Был день! На сцену выходили мастера, один краше другого. Обсуждение технологии прекратилось вмиг. Спорили об интерпретации, о замысле, об идее. Но что споры, когда «умница Фортуна» иронически подмигнула нам, разбивая пасьянс всех прежних и возможных прогнозов. В цветнике раскрылись самые благоуханные розы.
Достаточно сказать, что из семерых конкурсантов завершающего дня, пятеро теперь во втором туре (а это, в свою очередь, почти половина от числа допущенных жюри участников).
Не прошли дальше Роксана Квашниковска (24 года, Польша) и Сара Этелаувори (28 лет, Финляндия). Обе они по-ученически честно исполнили свои программы, допустив столько погрешностей, скольких было не избежать. Наиболее органично (даже исходя из характера их анти-романтического, как манифест модернизма, плоского звука) прозвучали сонаты Кшиштофа Пендерецкого и Франсиса Пуленка, послушать которые было действительно интересно.
Вторую сонату Хиндемита включил в программу Альбрехт Мензель (27 лет, Германия). Но здесь кристалл формы бликовал серебряными обертонами звука. Был еще и бодряще несентиментальный Чайковский. Но главное, с Альбрехта начался настоящий парад баховских Чакон. У него она прозвучала с порывом и решимостью, устремленного к истине сердца. Сердца, не чуждого мистики и вовремя остуженного разумом, дабы отбросить всякие излишества. Очень хорошо.

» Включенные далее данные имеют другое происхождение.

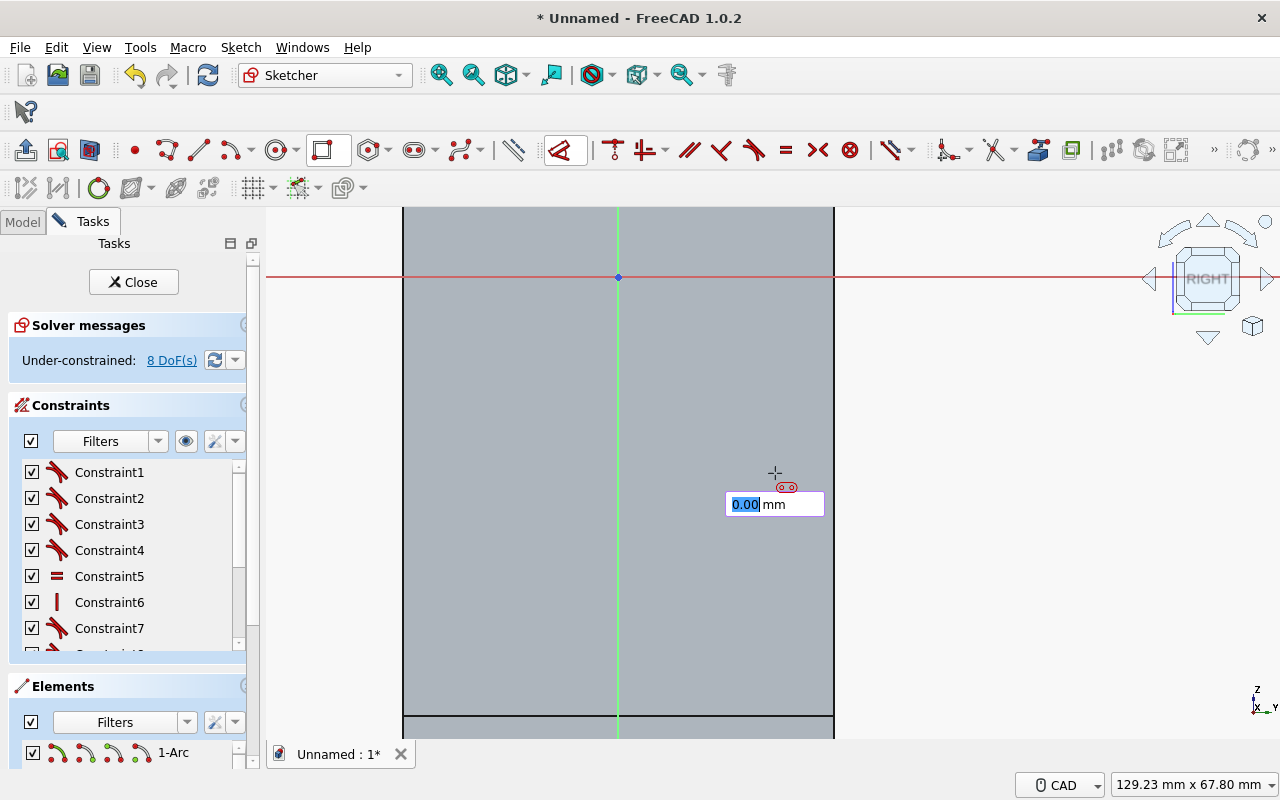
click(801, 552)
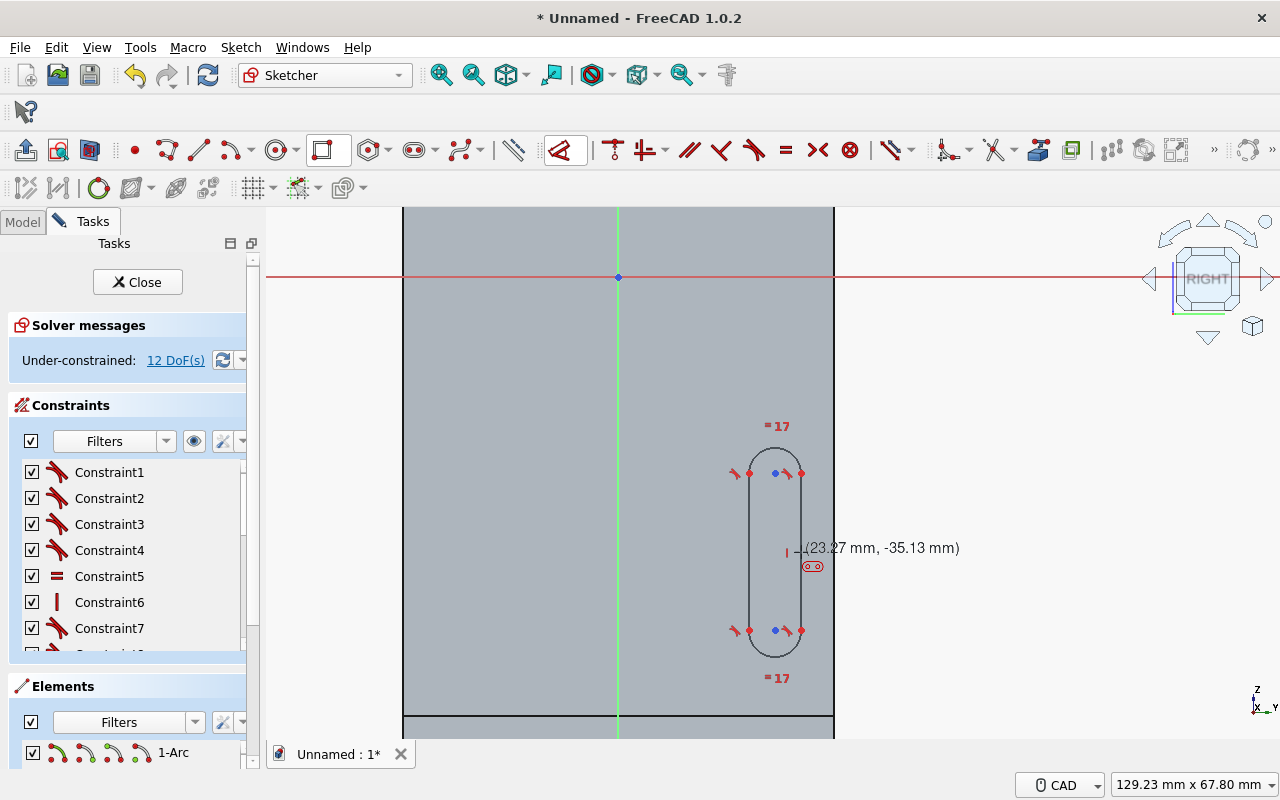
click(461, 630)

Другая исполнительница из Германии, Лара Бошкор (19 лет) подвластна аффектированным эмоциям. В «Поэме» Шоссона экзальтация поднялась над допустимой ватерлинией сантиментов. Но вот Чакона, подвижная, накаленная, стала примером совершенно верно понятой барочной риторики. Она воспроизводила не внешние стилистические ярлычки, а суть – диалоги тембров, и динамических красок, и штрихов (вопрос, заданный деташе, получал ответ, высказанный легато). Дифференцированная сила звука в двойных нотах поддерживала дальний импульс мелодического развития, и гармония мыслилась мелодически.
Самая медленная Чакона у Милана Аль-Ашаб (26 лет, Чехия). Хотя нет, прежде нужно рассказать, как он покорил виртуозный Монблан, «Последнюю розу лета» Эрнста, рядом с которой сложности Паганини – чистая забава. Сыграл между делом. Деловито. Без единого мускульного напряжения на лице. «Пожалуйста, – писал Эйнштейн Хейфецу, – возьмите хоть одну фальшивую ноту, чтобы мы знали, что вы живой человек!» (Милан Аль-Ашаб , обращаюсь к вам с просьбой…) А Чакона уже возбудила споры, но на меня произвела глубочайшее впечатление. Все по-своему, но ничего ради оригинальности. Потому что звучало не для слушателей и даже не для жюри. Это были их, музыканта и музыки, пространные аргументы pro et contra, их паузы осмысления. Много пауз… Сколько они длились, сколько могли продлиться? Не знаю. Секунды. Может быть, и часы.
А потом Донгюнь Ким (19 лет, Республика Корея) и Чакона – сплав, прочнее которого не было ни у одного из участников: из целого не изъять, к целому не прибавить. Исполнитель творил музыку и музыка творила исполнителя. Блестяще сыгранный Паганини, хорошо прижившийся на чужой культурной почве Чайковский, но главное – Шоссон. Просто феноменальная «Поэма». Это было явление огромного простора, томления, строгой нежности, явление мучительно, но прекрасно переживаемых экстатических вершин. Неужели мы это слышали? Вот счастливцы!
Не берусь предположить, как трудно было потом выйти на сцену Сергею Догадину. Но закономерность под маской случая мудро свела вместе двух конкурирующих, а на самом деле дополняющих друг друга, исполнителей. Вот она, платоновская дилемма художественного творчества. Что оно – божественная одержимость или высокоразвитое ремесло?
Спрашивали, зачем через восемь лет обладателю второй премии (первая не присуждалась) ХIV конкурса Чайковского снова испытывать судьбу? Но, может статься, что участие Сергея Догадина, как ориентир истинного и высокого мастерства русской школы, нужно конкурсу не меньше, чем участнику. Потому что с ним, с игрой великолепного мастера, знающего и подчеркнувшего в программе (и даже самой этой программой) все сильнейшие свои черты, прослушивания обрели завершенность. Да нет же, все начинается!